Texas - current Pecan IPM programs have reduced insecticide application by 40% over the past 2 decades and are currently using at-risk chemicals for 90+% of their very limited applications organophosphates, carbamates and lindane). Loss of these products will greatly increase use of pyrethroids with increased problems of secondary pests, resistance and costs, jeopardizing the Texas Pecan IPM programs. A pesticide/technology use grower survey was initiated Dec., 2003 to track progress of pecan IPM program. Studies initiated in conjunction with A. Knutson and B. Ree on "Impact of Fire Ants in Pecan" and continued with Dr. Charles Barr. Fire ant management with methoprene baits did not affect foliar pests of pecan. Follow-up work with A. Cognato on pecan-insect interaction and J. Jackman on web based predictions for pecan nut casebearer (PNC). Worked with O. Ochoa and Mech. Eng. students on physical properties of Carya, with Dr. C. Coble in Ag. Eng. on development of an inexpensive clock trap to monitor insect circadian rhythms and initiated a study of chemical properties of hickories with Dr. L. Rooney of Soil and Crop Science. Work with USDA Pecan Breeding Lab on host plant resistance in pecan and with chemical companies continued to develop new materials. Consolidated and published data on PNC pheromone, discovered a cryptic species of nut borer in Mexico (probably Acrobasis caryivorella) and found an attractant having pheromone potential.

Kansas/Missouri - The impact of a sawfly outbreak and subsequent defoliation on pecan pistillate flower abortion was studied on 4 cultivars. Fruit drop from trees defoliated by sawflies were compared to trees that sustained little or no sawfly damage. Early season defoliation by sawfly larvae did not influence fruit drop by the cultivars Chetopa, Pawnee, and Posey. Fruit drop was increased 4x following sawfly defoliation of the cultivar, Giles. Giles trees not infested with sawfly larvae dropped 0.7 nuts per cluster following pollination while heavily infested trees dropped 2.8 nuts/cluster. Additionally, a study of normal pecan fruit abortion following pollination in native pecans revealed that abortion rates are much higher during ?off? years than in ?on? years. Over the same time period, percent of clusters damaged by PNC larvae was greater during ?off? years than ?on? years.
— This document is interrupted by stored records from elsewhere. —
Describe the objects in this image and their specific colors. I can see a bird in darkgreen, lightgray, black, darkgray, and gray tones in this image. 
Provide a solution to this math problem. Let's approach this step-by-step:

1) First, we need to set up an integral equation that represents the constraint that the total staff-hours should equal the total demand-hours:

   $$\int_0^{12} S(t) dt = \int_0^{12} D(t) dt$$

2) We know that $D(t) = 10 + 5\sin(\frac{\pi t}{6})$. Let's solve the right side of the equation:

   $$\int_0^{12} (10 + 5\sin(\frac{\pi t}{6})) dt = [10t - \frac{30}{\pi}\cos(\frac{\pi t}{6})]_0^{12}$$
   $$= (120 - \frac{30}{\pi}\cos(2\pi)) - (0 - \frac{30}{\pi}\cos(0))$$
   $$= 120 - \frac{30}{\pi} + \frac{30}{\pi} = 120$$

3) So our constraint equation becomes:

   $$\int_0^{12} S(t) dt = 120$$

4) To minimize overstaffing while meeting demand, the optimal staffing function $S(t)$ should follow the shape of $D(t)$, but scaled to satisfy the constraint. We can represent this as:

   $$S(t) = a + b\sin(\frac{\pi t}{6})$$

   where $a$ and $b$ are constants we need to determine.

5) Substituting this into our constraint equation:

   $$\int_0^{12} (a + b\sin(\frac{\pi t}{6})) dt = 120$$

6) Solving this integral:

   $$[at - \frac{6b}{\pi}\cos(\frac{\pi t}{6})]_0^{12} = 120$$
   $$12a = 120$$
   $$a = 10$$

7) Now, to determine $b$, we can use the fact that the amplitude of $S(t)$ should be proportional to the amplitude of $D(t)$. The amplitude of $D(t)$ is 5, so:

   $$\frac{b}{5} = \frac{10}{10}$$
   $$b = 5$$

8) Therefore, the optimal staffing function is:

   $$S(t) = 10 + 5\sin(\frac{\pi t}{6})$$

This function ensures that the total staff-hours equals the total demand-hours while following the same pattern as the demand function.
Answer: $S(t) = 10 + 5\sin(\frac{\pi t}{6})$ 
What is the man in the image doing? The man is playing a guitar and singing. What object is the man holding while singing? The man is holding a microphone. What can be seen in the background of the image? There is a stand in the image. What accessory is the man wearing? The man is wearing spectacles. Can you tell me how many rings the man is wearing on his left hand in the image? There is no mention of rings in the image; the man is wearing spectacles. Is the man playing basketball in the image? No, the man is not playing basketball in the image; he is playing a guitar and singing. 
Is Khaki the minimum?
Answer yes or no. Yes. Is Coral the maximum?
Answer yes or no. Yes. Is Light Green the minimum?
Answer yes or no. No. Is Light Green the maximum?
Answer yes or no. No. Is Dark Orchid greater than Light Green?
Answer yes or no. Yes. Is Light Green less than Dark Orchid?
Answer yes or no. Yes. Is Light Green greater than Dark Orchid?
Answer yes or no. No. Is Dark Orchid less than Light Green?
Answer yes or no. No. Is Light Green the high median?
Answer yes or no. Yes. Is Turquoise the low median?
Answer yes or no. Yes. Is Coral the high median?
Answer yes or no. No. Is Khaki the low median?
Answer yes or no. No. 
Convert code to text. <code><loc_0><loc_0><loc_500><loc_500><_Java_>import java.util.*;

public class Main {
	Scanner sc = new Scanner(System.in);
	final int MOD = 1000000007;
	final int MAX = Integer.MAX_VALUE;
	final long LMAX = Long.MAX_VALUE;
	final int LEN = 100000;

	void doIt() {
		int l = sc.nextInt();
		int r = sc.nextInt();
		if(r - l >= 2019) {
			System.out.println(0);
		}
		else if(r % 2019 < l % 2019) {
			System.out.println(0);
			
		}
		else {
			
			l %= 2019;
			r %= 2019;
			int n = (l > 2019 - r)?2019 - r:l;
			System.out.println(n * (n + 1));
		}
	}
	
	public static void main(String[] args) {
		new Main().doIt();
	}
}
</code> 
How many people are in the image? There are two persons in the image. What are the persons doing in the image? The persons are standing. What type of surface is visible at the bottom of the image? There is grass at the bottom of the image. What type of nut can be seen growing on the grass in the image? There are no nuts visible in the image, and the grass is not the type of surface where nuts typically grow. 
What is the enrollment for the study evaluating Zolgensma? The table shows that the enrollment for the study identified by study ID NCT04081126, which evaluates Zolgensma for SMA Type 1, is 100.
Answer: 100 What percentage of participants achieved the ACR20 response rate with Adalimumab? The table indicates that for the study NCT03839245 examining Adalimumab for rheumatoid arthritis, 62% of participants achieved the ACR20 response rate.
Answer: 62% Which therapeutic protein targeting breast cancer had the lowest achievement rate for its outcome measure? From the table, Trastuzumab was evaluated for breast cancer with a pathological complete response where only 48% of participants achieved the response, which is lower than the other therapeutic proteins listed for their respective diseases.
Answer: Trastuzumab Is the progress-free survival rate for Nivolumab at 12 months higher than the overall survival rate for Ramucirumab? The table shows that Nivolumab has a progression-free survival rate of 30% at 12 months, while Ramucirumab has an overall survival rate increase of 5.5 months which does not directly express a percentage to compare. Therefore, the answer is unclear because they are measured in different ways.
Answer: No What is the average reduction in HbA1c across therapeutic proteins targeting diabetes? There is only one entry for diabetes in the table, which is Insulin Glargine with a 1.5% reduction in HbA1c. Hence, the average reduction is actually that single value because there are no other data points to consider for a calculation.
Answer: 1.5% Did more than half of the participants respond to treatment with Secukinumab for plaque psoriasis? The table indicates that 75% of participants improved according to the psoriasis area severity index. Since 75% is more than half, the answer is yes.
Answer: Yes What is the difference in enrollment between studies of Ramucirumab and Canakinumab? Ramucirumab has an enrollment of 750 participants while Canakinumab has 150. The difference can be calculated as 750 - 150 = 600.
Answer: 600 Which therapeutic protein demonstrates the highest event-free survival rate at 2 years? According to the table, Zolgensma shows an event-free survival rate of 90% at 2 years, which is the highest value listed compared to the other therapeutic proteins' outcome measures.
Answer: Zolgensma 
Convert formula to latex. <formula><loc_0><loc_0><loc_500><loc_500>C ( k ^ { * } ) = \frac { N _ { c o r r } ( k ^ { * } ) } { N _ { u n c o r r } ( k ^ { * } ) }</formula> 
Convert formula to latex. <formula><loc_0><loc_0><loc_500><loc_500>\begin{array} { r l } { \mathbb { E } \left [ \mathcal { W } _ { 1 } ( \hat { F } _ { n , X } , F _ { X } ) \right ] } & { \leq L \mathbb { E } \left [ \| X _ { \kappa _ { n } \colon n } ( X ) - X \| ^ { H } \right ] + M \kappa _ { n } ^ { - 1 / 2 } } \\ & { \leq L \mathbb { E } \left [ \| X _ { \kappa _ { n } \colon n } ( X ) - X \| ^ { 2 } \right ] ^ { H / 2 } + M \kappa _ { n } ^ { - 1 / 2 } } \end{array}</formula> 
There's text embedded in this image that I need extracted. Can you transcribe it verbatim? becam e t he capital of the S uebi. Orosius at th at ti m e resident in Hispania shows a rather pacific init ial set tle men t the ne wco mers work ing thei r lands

Pistillate flower abortion rate provides a tool for predicting nut set and for predicting the need for casebearer control measures.

Alabama - pecan orchards across production areas in AL were monitored with pheromone traps for PNC, light traps for hickory shuckworm and emergence traps for pecan weevil. Direct counts were made to determine relative populations of yellow aphids, the black pecan aphid and the pecan leaf scorch mite. Traps were serviced daily and reported weekly, while direct counts were made weekly.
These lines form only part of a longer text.